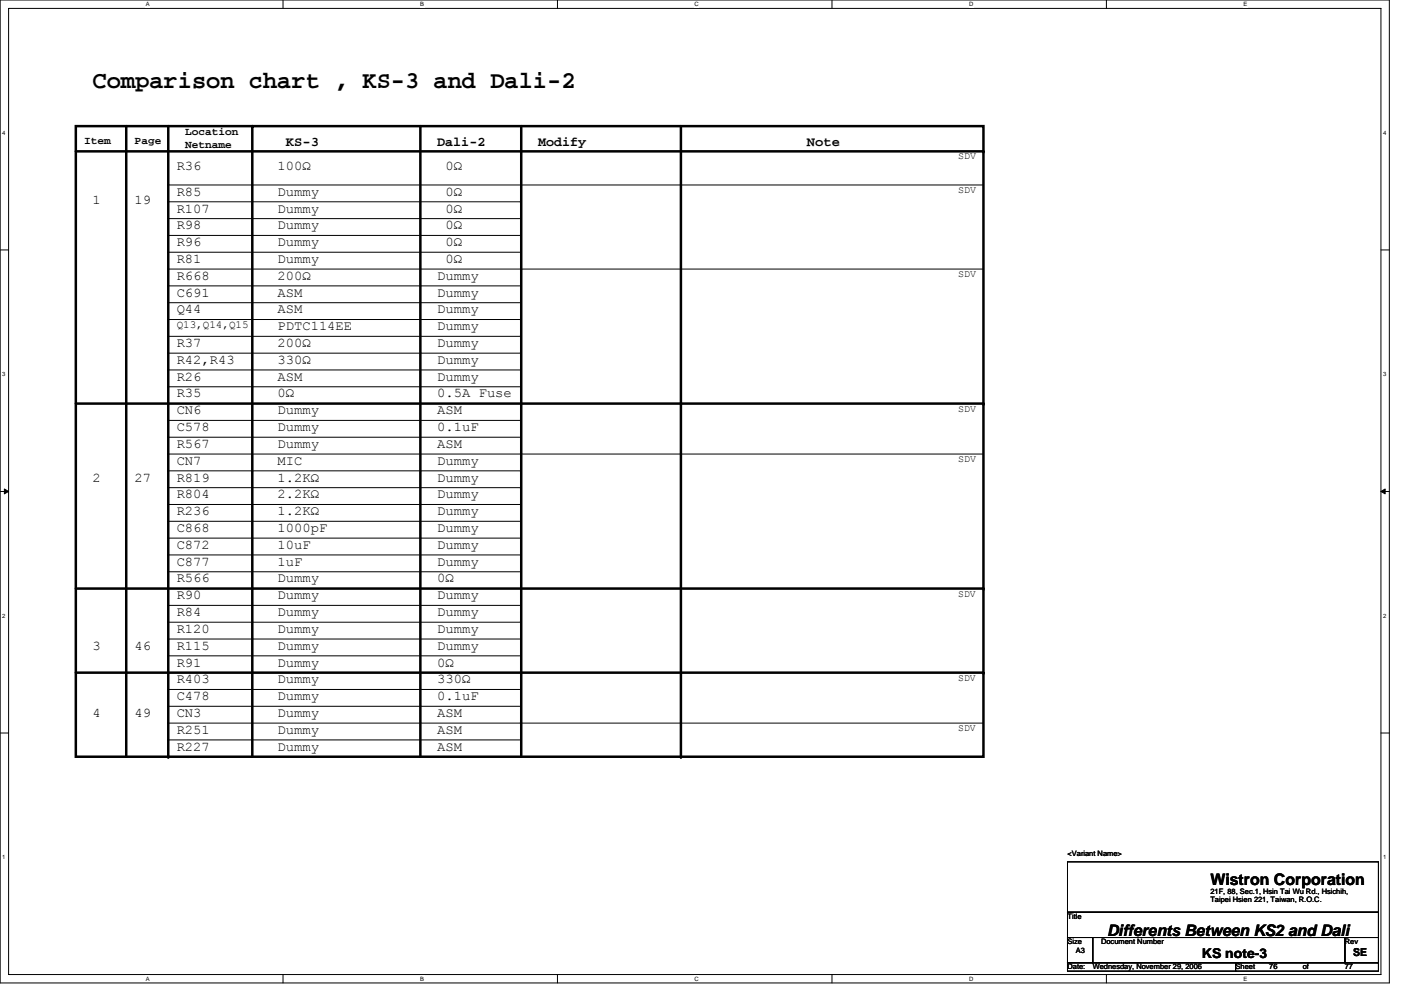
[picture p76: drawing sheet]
<svg xmlns="http://www.w3.org/2000/svg" width="297mm" height="210mm" viewBox="0 0 297 210" stroke-linecap="round" stroke-linejoin="round" font-family="sans-serif">
<defs><g id="words">
<text font-size="5.1" x="19.6" y="18.5">Comparison chart , KS-3 and Dali-2</text>
<g font-size="3.4">
<text x="256.1" y="187.1">Wistron Corporation</text>
<text x="234.2" y="198">Differents Between KS2 and Dali</text>
</g>
<g font-size="2.8">
<text x="60.5" y="30.8">KS-3</text>
<text x="92.5" y="30.8">Dali-2</text>
<text x="113.8" y="30.8">Modify</text>
<text x="170.7" y="30.8">Note</text>
<text x="37.4" y="36">R36</text>
<text x="37.4" y="41.4">R85</text>
<text x="58.7" y="36">100Ω</text>
<text x="58.7" y="41.4">Dummy</text>
<text x="94.3" y="36">0Ω</text>
<text x="94.3" y="41.4">0Ω</text>
<text x="19.6" y="43.2">1</text>
<text x="28.5" y="43.2">19</text>
<text x="37.4" y="44.9">R107</text>
<text x="58.7" y="44.9">Dummy</text>
<text x="94.3" y="44.9">0Ω</text>
<text x="37.4" y="48.5">R98</text>
<text x="37.4" y="52">R96</text>
<text x="58.7" y="52">Dummy</text>
<text x="58.7" y="48.5">Dummy</text>
<text x="94.3" y="48.5">0Ω</text>
<text x="94.3" y="52">0Ω</text>
<text x="37.4" y="59.2">R668</text>
<text x="37.4" y="55.6">R81</text>
<text x="58.7" y="59.2">200Ω</text>
<text x="58.7" y="55.6">Dummy</text>
<text x="92.5" y="59.2">Dummy</text>
<text x="94.3" y="55.6">0Ω</text>
<text x="37.4" y="62.7">C691</text>
<text x="58.7" y="62.7">ASM</text>
<text x="92.5" y="62.7">Dummy</text>
<text x="37.4" y="66.3">Q44</text>
<text x="58.7" y="66.3">ASM</text>
<text x="58.7" y="69.8">PDTC114EE</text>
<text x="92.5" y="66.3">Dummy</text>
<text x="92.5" y="69.8">Dummy</text>
<text x="37.4" y="73.4">R37</text>
<text x="37.4" y="76.9">R42,R43</text>
<text x="58.7" y="73.4">200Ω</text>
<text x="58.7" y="76.9">330Ω</text>
<text x="92.5" y="73.4">Dummy</text>
<text x="92.5" y="76.9">Dummy</text>
<text x="37.4" y="80.5">R26</text>
<text x="58.7" y="80.5">ASM</text>
<text x="92.5" y="80.5">Dummy</text>
<text x="37.4" y="84.1">R35</text>
<text x="37.4" y="87.6">CN6</text>
<text x="58.7" y="84.1">0Ω</text>
<text x="58.7" y="87.6">Dummy</text>
<text x="92.5" y="87.6">ASM</text>
<text x="92.5" y="84.1">0.5A Fuse</text>
<text x="37.4" y="91.2">C578</text>
<text x="37.4" y="94.7">R567</text>
<text x="58.7" y="91.2">Dummy</text>
<text x="58.7" y="94.7">Dummy</text>
<text x="92.5" y="94.7">ASM</text>
<text x="92.5" y="91.2">0.1uF</text>
<text x="19.6" y="101.8">2</text>
<text x="28.5" y="101.8">27</text>
<text x="37.4" y="101.8">R819</text>
<text x="37.4" y="98.3">CN7</text>
<text x="58.7" y="98.3">MIC</text>
<text x="58.7" y="101.8">1.2KΩ</text>
<text x="92.5" y="101.8">Dummy</text>
<text x="92.5" y="98.3">Dummy</text>
<text x="37.4" y="105.4">R804</text>
<text x="58.7" y="105.4">2.2KΩ</text>
<text x="92.5" y="105.4">Dummy</text>
<text x="37.4" y="108.9">R236</text>
<text x="37.4" y="112.5">C868</text>
<text x="58.7" y="108.9">1.2KΩ</text>
<text x="58.7" y="112.5">1000pF</text>
<text x="92.5" y="108.9">Dummy</text>
<text x="92.5" y="112.5">Dummy</text>
<text x="37.4" y="119.6">C877</text>
<text x="37.4" y="116.1">C872</text>
<text x="58.7" y="119.6">1uF</text>
<text x="58.7" y="116.1">10uF</text>
<text x="92.5" y="119.6">Dummy</text>
<text x="92.5" y="116.1">Dummy</text>
<text x="37.4" y="123.2">R566</text>
<text x="58.7" y="123.2">Dummy</text>
<text x="92.5" y="123.2">0Ω</text>
<text x="37.4" y="130.3">R84</text>
<text x="37.4" y="126.7">R90</text>
<text x="58.7" y="126.7">Dummy</text>
<text x="58.7" y="130.3">Dummy</text>
<text x="92.5" y="126.7">Dummy</text>
<text x="92.5" y="130.3">Dummy</text>
<text x="19.6" y="137.4">3</text>
<text x="28.5" y="137.4">46</text>
<text x="37.4" y="133.8">R120</text>
<text x="37.4" y="137.4">R115</text>
<text x="58.7" y="133.8">Dummy</text>
<text x="58.7" y="137.4">Dummy</text>
<text x="92.5" y="133.8">Dummy</text>
<text x="92.5" y="137.4">Dummy</text>
<text x="37.4" y="140.9">R91</text>
<text x="58.7" y="140.9">Dummy</text>
<text x="92.5" y="140.9">0Ω</text>
<text x="37.4" y="148.1">C478</text>
<text x="37.4" y="144.5">R403</text>
<text x="58.7" y="144.5">Dummy</text>
<text x="58.7" y="148.1">Dummy</text>
<text x="92.5" y="144.5">330Ω</text>
<text x="92.5" y="148.1">0.1uF</text>
<text x="19.6" y="151.6">4</text>
<text x="28.5" y="151.6">49</text>
<text x="37.4" y="151.6">CN3</text>
<text x="37.4" y="155.2">R251</text>
<text x="58.7" y="151.6">Dummy</text>
<text x="58.7" y="155.2">Dummy</text>
<text x="92.5" y="151.6">ASM</text>
<text x="92.5" y="155.2">ASM</text>
<text x="37.4" y="158.7">R227</text>
<text x="58.7" y="158.7">Dummy</text>
<text x="92.5" y="158.7">ASM</text>
<text x="254.3" y="202.7">KS note-3</text>
</g>
<g font-size="2.3">
<text x="39.2" y="28.6">Location</text>
<text x="17.8" y="30.4">Item</text>
<text x="28.5" y="30.4">Page</text>
<text x="39.2" y="31.2">Netname</text>
<text x="37.4" y="69.4">Q13,Q14,Q15</text>
<text x="286.3" y="202.2">SE</text>
</g>
<g font-size="2.1">
<text x="202.7" y="33.7">SDV</text>
<text x="202.7" y="40.8">SDV</text>
<text x="202.7" y="58.6">SDV</text>
<text x="202.7" y="87">SDV</text>
<text x="202.7" y="97.7">SDV</text>
<text x="202.7" y="126.2">SDV</text>
<text x="202.7" y="143.9">SDV</text>
<text x="202.7" y="154.6">SDV</text>
</g>
<g font-size="1.6">
<text x="225.8" y="181">&lt;Variant Name&gt;</text>
<text x="256.1" y="189">21F, 88, Sec.1, Hsin Tai Wu Rd., Hsichih,</text>
<text x="256.1" y="190.8">Taipei Hsien 221, Taiwan, R.O.C.</text>
<text x="225.8" y="194.3">Title</text>
<text x="225.8" y="199.7">Size</text>
<text x="227.6" y="201.4">A3</text>
<text x="233" y="199.7">Document Number</text>
<text x="284.5" y="199.7">Rev</text>
<text x="225.8" y="205">Date:</text>
<text x="231.2" y="205">Wednesday, November 29, 2006</text>
<text x="261.4" y="205">Sheet</text>
<text x="268.5" y="205">76</text>
<text x="275.6" y="205">of</text>
<text x="284.5" y="205">77</text>
</g>
<g font-size="1.3">
<text x="30.8" y="1.3">A</text>
<text x="88.9" y="1.3">B</text>
<text x="147" y="1.3">C</text>
<text x="205" y="1.3">D</text>
<text x="263.1" y="1.3">E</text>
<text x=".5" y="28.4">4</text>
<text x="292.6" y="28.4">4</text>
<text x=".5" y="79.5">3</text>
<text x="292.6" y="79.5">3</text>
<text x=".5" y="130.6">2</text>
<text x="292.6" y="130.6">2</text>
<text x=".5" y="181.7">1</text>
<text x="292.6" y="181.7">1</text>
<text x="30.8" y="207.4">A</text>
<text x="88.9" y="207.4">B</text>
<text x="147" y="207.4">C</text>
<text x="205" y="207.4">D</text>
<text x="263.1" y="207.4">E</text>
</g>
</g></defs>
<path d="M0 0h293.9v207.9h-293.9zM1.8 1.8h290.4v204.3h-290.4z" fill="none" stroke="#000" stroke-width=".21"/>
<g fill="#fff">
<path d="M30.8 .2h.9v1.4h-.9z"/>
<path d="M30.8 206.3h.9v1.4h-.9z"/>
</g>
<path d="M59.9 0v1.8M59.9 206.1v1.8" fill="none" stroke="#000" stroke-width=".21"/>
<g fill="#fff">
<path d="M88.9 .2h.8v1.4h-.8z"/>
<path d="M88.9 206.3h.8v1.4h-.8z"/>
</g>
<path d="M117.9 0v1.8M117.9 206.1v1.8" fill="none" stroke="#000" stroke-width=".21"/>
<g fill="#fff">
<path d="M147 .2h.9v1.4h-.9z"/>
<path d="M147 206.3h.9v1.4h-.9z"/>
</g>
<path d="M176 0v1.8M176 206.1v1.8" fill="none" stroke="#000" stroke-width=".21"/>
<g fill="#fff">
<path d="M205 .2h.9v1.4h-.9z"/>
<path d="M205 206.3h.9v1.4h-.9z"/>
</g>
<path d="M234.1 0v1.8M234.1 206.1v1.8" fill="none" stroke="#000" stroke-width=".21"/>
<g fill="#fff">
<path d="M263.1 .2h.8v1.4h-.8z"/>
<path d="M263.1 206.3h.8v1.4h-.8z"/>
<path d="M.5 27.3h.7v1.4h-.7z"/>
<path d="M292.6 27.3h.7v1.4h-.7z"/>
<path d="M.5 78.4h.7v1.4h-.7z"/>
<path d="M292.6 78.4h.7v1.4h-.7z"/>
</g>
<path d="M0 52.9h1.8M292.2 52.9h1.7" fill="none" stroke="#000" stroke-width=".21"/>
<g fill="#fff">
<path d="M.5 129.5h.7v1.4h-.7z"/>
<path d="M292.6 129.5h.7v1.4h-.7z"/>
</g>
<path d="M0 103.9h1.8M292.2 103.9h1.7" fill="none" stroke="#000" stroke-width=".21"/>
<path d="M.9 103.4l.9 .5-.9 .5zM292.2 103.9l.8-.5v1z" fill="#000" stroke="#000" stroke-width=".21"/>
<g fill="#fff">
<path d="M.5 180.5h.7v1.4h-.7z"/>
<path d="M292.6 180.5h.7v1.4h-.7z"/>
</g>
<g fill="none" stroke="#000" stroke-width=".21">
<path d="M35.6 39.1h172.5M35.6 42.7h74.7M35.6 46.2h74.7M35.6 49.8h74.7M35.6 56.9h172.5M35.6 53.3h74.7M110.3 53.3h.1M35.6 67.6h74.7M35.6 64h74.7M35.6 78.2h74.7M35.6 71.1h74.7M35.6 74.7h74.7"/>
<path d="M35.6 60.5h74.7M110.3 71.1h.1M110.3 74.7h.1M110.3 60.5h.1M35.6 88.9h74.7M35.6 92.5h74.7M35.6 96h172.5M35.6 99.6h74.7M35.6 81.8h74.7M110.3 81.8h.1M35.6 103.1h74.7M35.6 106.7h74.7"/>
<path d="M35.6 110.2h74.7M35.6 113.8h74.7M35.6 117.3h74.7M110.3 113.8h.1M110.3 117.3h.1M35.6 128h74.7M35.6 138.7h74.7M35.6 120.9h74.7M35.6 131.6h74.7M35.6 135.1h74.7M110.3 120.9h.1M110.3 131.6h.1"/>
<path d="M110.3 135.1h.1M0 155h1.8M35.6 149.4h74.7M35.6 156.5h74.7M35.6 145.8h74.7M35.6 152.9h172.5M110.3 149.4h.1M110.3 156.5h.1M110.3 145.8h.1M208.1 152.9h.1M292.2 155h1.7M225.8 198.2h5.4v5.4h-5.4z"/>
<path d="M225.8 182.2h65.8v10.7h-65.8zM225.8 192.9h65.8v5.3h-65.8zM231.2 198.2h53.3v5.4h-53.3zM284.5 198.2h7.1v5.4h-7.1zM225.8 203.6h35.6v1.8h-35.6zM261.4 203.6h30.2v1.8h-30.2z"/>
</g>
<g fill="none" stroke="#000" stroke-width=".53">
<path d="M16 32h192.1M16 26.7h192.1v133.3h-192.1zM26.7 26.7v133.3M35.6 26.7v133.3M53.4 26.7h.1M53.4 26.7v133.3M88.9 26.7v133.3M110.3 26.7v133.3M144.1 26.7v133.3M208.1 32h.1M16 85.3h192.1M208.1 85.3h.1"/>
<path d="M16 124.5h192.1M208.1 124.5h.1M16 142.2h192.1M208.1 142.2h.1M35.6 160h.1M144.1 160h.1"/>
</g>
<use href="#words"/>
</svg>

» Try it
Report how many lines of the listing carry the word "stroke", and add nothing.

» Task response
11